* Task prompt:
The result should be the lines from the one holding "0, 1500, 571]." to the final line of the records, retyped exactly.

(Records from a dataset)
◆ ◆ ◆ ◆ ◆ ◆ ◆

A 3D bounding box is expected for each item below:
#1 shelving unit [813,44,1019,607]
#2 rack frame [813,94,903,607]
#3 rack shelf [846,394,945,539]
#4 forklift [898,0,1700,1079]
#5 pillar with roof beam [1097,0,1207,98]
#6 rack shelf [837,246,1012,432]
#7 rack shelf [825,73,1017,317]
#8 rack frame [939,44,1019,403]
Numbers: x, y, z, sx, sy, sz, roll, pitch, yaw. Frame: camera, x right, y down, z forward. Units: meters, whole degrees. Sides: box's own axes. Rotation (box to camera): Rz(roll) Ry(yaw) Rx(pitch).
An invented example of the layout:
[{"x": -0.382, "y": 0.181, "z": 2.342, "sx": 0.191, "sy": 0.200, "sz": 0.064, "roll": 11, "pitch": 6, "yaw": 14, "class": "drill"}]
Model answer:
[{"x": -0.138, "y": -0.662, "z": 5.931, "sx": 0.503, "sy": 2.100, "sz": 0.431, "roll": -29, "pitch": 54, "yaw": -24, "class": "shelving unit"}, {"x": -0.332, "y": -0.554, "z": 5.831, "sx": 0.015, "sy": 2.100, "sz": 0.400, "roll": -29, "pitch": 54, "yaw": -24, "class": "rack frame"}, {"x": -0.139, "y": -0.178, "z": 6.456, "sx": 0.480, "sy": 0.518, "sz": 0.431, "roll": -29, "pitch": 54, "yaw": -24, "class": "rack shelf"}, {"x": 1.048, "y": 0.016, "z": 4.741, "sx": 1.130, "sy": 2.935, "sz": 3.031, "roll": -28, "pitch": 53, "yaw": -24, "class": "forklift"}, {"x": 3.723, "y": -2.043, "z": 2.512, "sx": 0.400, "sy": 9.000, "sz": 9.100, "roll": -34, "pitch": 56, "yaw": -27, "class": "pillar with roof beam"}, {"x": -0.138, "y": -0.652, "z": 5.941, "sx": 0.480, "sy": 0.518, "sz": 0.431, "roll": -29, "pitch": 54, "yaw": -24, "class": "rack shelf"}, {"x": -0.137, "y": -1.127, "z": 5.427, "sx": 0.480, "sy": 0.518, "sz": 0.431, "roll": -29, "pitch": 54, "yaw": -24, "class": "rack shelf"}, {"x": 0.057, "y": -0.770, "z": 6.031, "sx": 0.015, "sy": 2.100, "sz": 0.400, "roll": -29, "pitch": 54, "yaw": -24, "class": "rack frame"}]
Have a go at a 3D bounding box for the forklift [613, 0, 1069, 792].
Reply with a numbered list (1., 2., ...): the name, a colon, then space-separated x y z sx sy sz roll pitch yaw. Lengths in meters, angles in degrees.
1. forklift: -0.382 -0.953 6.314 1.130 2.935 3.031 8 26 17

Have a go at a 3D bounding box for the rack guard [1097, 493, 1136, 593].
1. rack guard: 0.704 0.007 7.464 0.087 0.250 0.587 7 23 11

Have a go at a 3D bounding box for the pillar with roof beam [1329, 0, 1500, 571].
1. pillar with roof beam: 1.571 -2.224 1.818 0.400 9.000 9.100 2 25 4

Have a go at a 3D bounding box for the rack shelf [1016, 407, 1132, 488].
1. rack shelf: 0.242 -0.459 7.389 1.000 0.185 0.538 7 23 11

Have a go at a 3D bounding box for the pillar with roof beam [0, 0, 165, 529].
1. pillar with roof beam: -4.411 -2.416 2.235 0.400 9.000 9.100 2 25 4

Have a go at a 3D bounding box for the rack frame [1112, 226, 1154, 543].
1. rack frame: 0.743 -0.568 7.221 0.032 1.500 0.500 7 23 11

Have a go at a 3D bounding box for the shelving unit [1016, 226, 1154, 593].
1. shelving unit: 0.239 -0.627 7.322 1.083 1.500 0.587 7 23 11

◆ ◆ ◆ ◆ ◆ ◆ ◆

* Solution to this exercise:
Have a go at a 3D bounding box for the pillar with roof beam [1329, 0, 1500, 571].
1. pillar with roof beam: 1.571 -2.224 1.818 0.400 9.000 9.100 2 25 4

Have a go at a 3D bounding box for the rack shelf [1016, 407, 1132, 488].
1. rack shelf: 0.242 -0.459 7.389 1.000 0.185 0.538 7 23 11

Have a go at a 3D bounding box for the pillar with roof beam [0, 0, 165, 529].
1. pillar with roof beam: -4.411 -2.416 2.235 0.400 9.000 9.100 2 25 4

Have a go at a 3D bounding box for the rack frame [1112, 226, 1154, 543].
1. rack frame: 0.743 -0.568 7.221 0.032 1.500 0.500 7 23 11

Have a go at a 3D bounding box for the shelving unit [1016, 226, 1154, 593].
1. shelving unit: 0.239 -0.627 7.322 1.083 1.500 0.587 7 23 11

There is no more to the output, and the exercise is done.